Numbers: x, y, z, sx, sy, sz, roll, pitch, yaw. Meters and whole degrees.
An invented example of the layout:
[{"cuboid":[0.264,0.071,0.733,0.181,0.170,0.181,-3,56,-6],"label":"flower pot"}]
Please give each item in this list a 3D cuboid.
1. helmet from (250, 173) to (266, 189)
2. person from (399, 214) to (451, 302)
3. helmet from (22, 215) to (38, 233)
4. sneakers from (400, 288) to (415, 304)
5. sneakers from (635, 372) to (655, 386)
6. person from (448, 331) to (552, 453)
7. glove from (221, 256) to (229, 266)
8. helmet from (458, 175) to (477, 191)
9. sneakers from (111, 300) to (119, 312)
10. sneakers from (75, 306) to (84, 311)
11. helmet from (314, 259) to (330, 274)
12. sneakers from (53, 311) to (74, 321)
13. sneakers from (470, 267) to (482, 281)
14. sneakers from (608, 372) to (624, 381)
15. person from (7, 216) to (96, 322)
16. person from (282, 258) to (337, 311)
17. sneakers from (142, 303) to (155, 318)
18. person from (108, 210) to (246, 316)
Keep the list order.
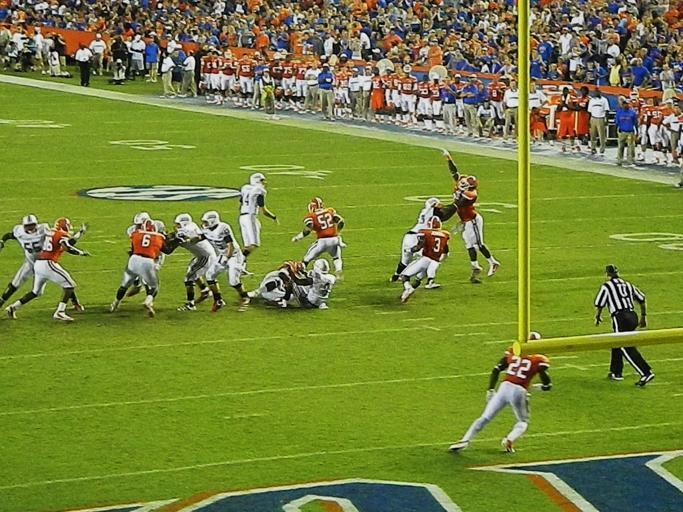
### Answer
[{"cuboid":[-1.330,-1.167,14.460,0.350,0.216,0.241,-8,21,-20],"label":"helmet"},{"cuboid":[1.179,0.051,13.141,0.676,1.188,0.358,1,8,-8],"label":"person"},{"cuboid":[-4.042,-0.422,12.274,0.248,0.195,0.260,-3,7,-14],"label":"helmet"},{"cuboid":[0.919,0.565,13.119,0.154,0.096,0.287,15,-18,-2],"label":"sneakers"},{"cuboid":[3.339,1.336,10.308,0.185,0.163,0.256,4,7,16],"label":"sneakers"},{"cuboid":[1.476,1.228,8.389,0.829,1.153,0.607,-1,8,-18],"label":"person"},{"cuboid":[-1.579,0.064,12.679,0.089,0.092,0.101,9,3,8],"label":"glove"},{"cuboid":[1.958,-1.110,14.347,0.244,0.218,0.464,6,8,29],"label":"helmet"},{"cuboid":[-3.058,0.670,12.652,0.091,0.095,0.236,15,7,-15],"label":"sneakers"},{"cuboid":[-3.574,0.706,12.719,0.064,0.056,0.162,-16,17,-35],"label":"sneakers"},{"cuboid":[-0.292,0.140,13.030,0.186,0.158,0.221,0,25,-35],"label":"helmet"},{"cuboid":[-3.682,0.788,12.367,0.269,0.080,0.122,3,10,14],"label":"sneakers"},{"cuboid":[2.082,0.284,14.520,0.168,0.193,0.117,8,-8,13],"label":"sneakers"},{"cuboid":[3.051,1.341,10.442,0.106,0.071,0.201,2,6,14],"label":"sneakers"},{"cuboid":[-3.871,0.167,12.429,0.958,1.330,0.755,0,8,-14],"label":"person"},{"cuboid":[-0.445,0.399,13.011,0.654,0.654,0.457,2,7,0],"label":"person"},{"cuboid":[-2.566,0.718,12.498,0.109,0.234,0.121,-1,34,12],"label":"sneakers"},{"cuboid":[-2.314,0.101,12.705,1.467,1.309,0.784,-2,8,-24],"label":"person"}]
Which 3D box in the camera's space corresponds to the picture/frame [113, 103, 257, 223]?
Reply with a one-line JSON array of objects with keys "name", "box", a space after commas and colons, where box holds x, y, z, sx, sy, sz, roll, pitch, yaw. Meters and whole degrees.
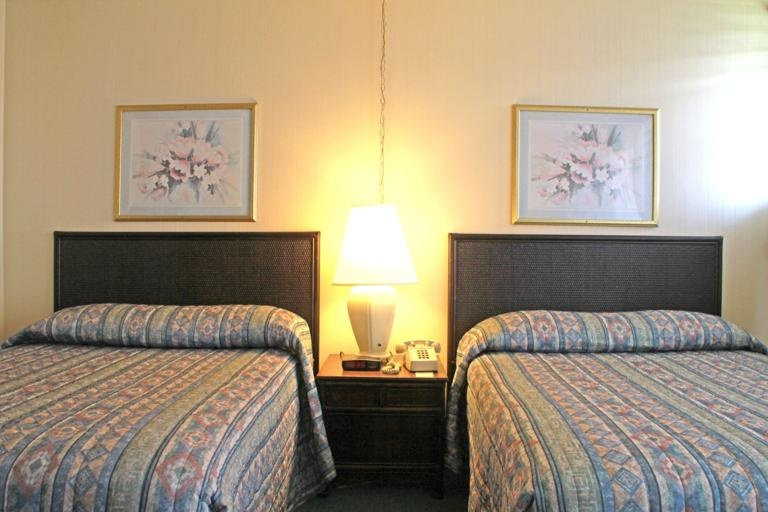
[{"name": "picture/frame", "box": [-1.295, -0.632, 3.967, 0.805, 0.648, 0.057, 0, -5, 1]}]

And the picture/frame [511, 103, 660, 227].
[{"name": "picture/frame", "box": [1.318, -0.602, 3.952, 0.831, 0.649, 0.032, 0, 1, -1]}]

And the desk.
[{"name": "desk", "box": [0.017, 0.967, 3.727, 0.923, 0.874, 0.678, -1, -1, 1]}]

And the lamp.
[{"name": "lamp", "box": [-0.050, 0.140, 3.692, 0.513, 0.954, 0.249, 0, 4, 0]}]

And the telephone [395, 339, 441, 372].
[{"name": "telephone", "box": [0.222, 0.591, 3.758, 0.310, 0.159, 0.304, -2, 6, -6]}]
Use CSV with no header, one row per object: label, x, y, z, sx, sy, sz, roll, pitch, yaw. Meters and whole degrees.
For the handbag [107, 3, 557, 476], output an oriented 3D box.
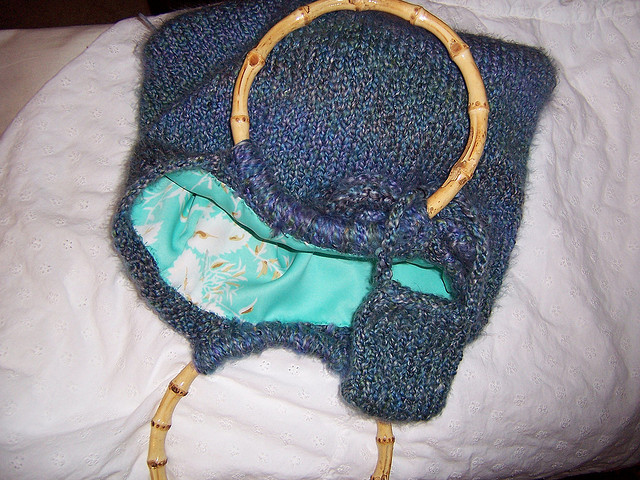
handbag,-0.018,-0.029,1.168,0.813,0.276,0.893,13,78,3
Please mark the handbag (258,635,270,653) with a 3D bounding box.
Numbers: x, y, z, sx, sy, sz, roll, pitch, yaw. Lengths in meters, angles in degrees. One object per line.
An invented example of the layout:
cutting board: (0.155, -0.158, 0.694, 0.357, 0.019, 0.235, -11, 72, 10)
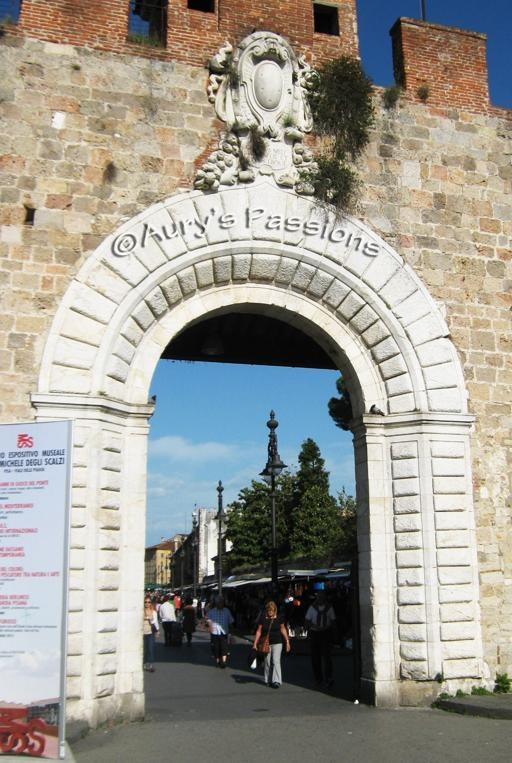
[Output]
handbag: (0.100, 4.023, 11.824, 0.144, 0.278, 0.368, 0, -13, -2)
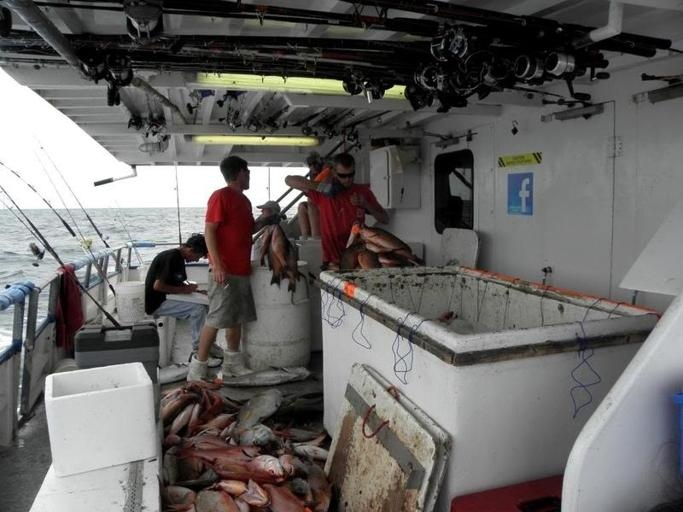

#### [Work order]
Return each line of the data above that includes the word "Numbers".

#### [Output for this task]
Numbers: x, y, z, sx, sy, sz, roll, pitch, yaw. Meters and whole degrees.
Numbers: x, y, z, sx, sy, sz, roll, pitch, yaw. Lengths in meters, angles in degrees. One object per line.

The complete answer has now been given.